Je pensais que Xiao Zheng ne serait pas capable de faire ce genre de travail, mais je ne m'attendais pas à ce qu'il soit aussi travailleur. Qiuqiu, je pense qu'il a des sentiments pour toi, et qu'il est juste venu nous voir pour se faire remarquer.

»

C'est une performance, mais elle reste floue devant tout le monde.

Shen Wuqiu baissa les yeux : « Lingyu est également très travailleur. »

« Lingyu m’a vraiment impressionnée ces derniers temps. » Zhao Jiujiu jeta un coup d’œil à Daiying. « Ne te laisse pas tromper par son comportement insouciant et enfantin habituel. Ces derniers jours au jardin Yangmei, elle s’est montrée très compétente, même plus que sa mère. »

Daiying a automatiquement coupé le son de sa dernière phrase et a répondu nonchalamment : « Je me demande pour qui notre Ayu joue la comédie. »

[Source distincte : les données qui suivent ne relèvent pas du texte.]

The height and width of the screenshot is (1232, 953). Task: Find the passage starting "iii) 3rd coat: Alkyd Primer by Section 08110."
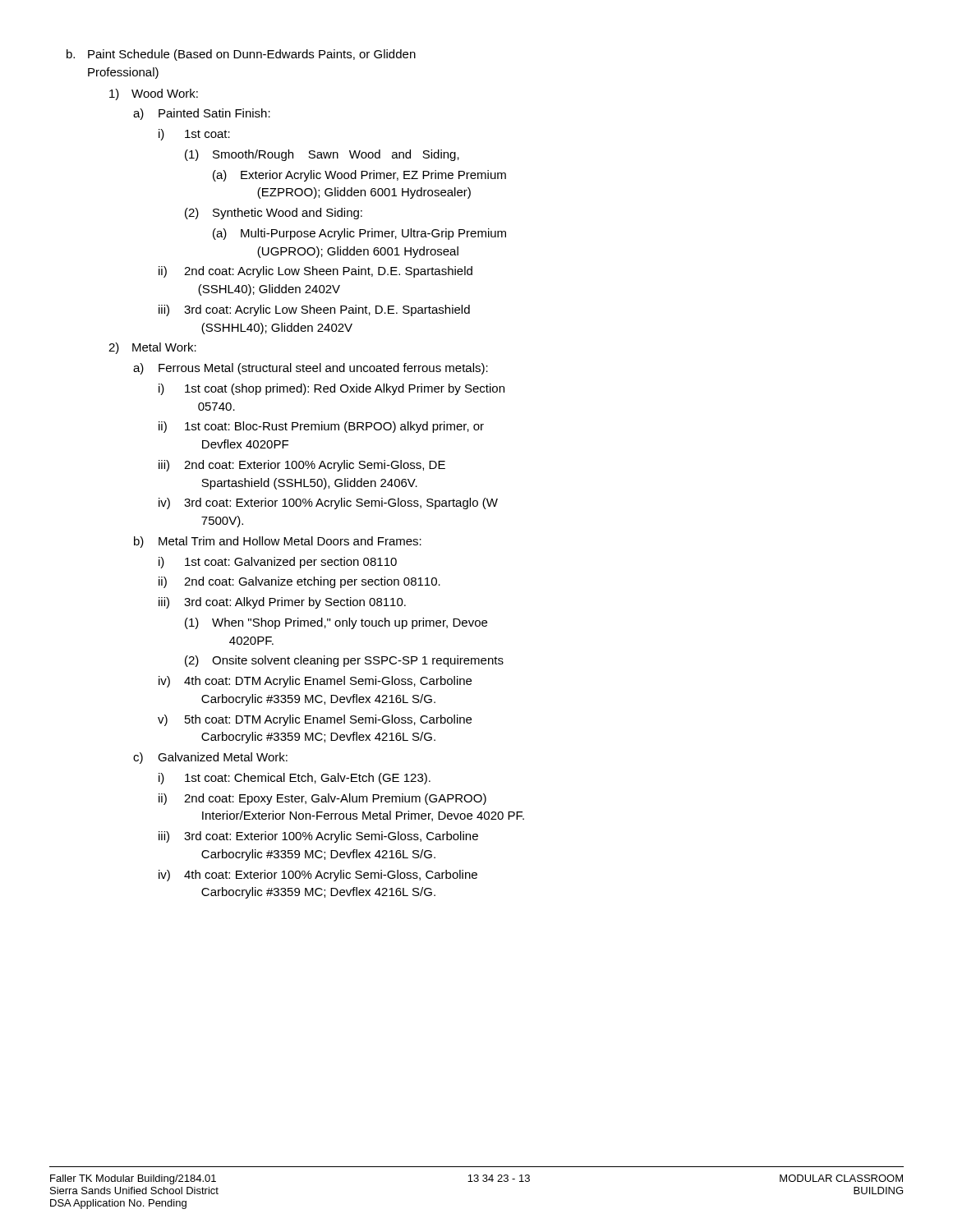pyautogui.click(x=282, y=602)

«… Zhao Jiujiu était stupéfaite. Elle la regarda, l'esprit comme ailleurs. Son regard se perdit dans les profondeurs du jardin de myrte, une lueur d'incrédulité traversant ses yeux. Puis ses sourcils se froncèrent profondément. «Mon Dieu, se pourrait-il que Lingyu, cette petite fille, soit amoureuse pour la première fois ?»

"..." Daiying ne s'attendait pas à ce qu'elle ait une imagination aussi fertile.

Shen Wuqiu était elle aussi stupéfaite. Après avoir compris ce qui se passait, elle jeta un coup d'œil à Daiying et demanda rapidement : « Tante, de quoi parlez-vous ? »

Daiying craignait également que l'idée de Zhao Jiujiu soit profondément ancrée et qu'elle pense que sa fille est une chatte capricieuse, alors elle a rapidement essayé de la défendre : « Tante Wuqiu plaisante vraiment. Regardez Ayu, quand parle-t-elle aux gens sans un ton féroce ? »

Zhao Jiujiu, cependant, y réfléchissait de plus en plus et se dit que c'était bien le cas

: «

Tu ne comprends pas, n'est-ce pas

? Les adolescentes sont toutes comme ça, elles disent toujours une chose et en pensent une autre pour attirer l'attention. D'ailleurs, avant l'arrivée de Xiao Zheng, elle ne cessait de suivre Qiuqiu partout. Regarde-la maintenant.

»

Elle a parlé de manière très logique et persuasive.

Shen Wuqiu déglutit difficilement, hésitant légèrement.

Dai Ying voulait dire quelques mots pour défendre son chat, mais lorsqu'elle aperçut du coin de l'œil l'expression de Shen Wuqiu, elle hésita un instant et ravala les mots qui allaient sortir.

Voyant qu'ils restaient tous silencieux, Zhao Jiujiu fut encore plus convaincue d'avoir raison.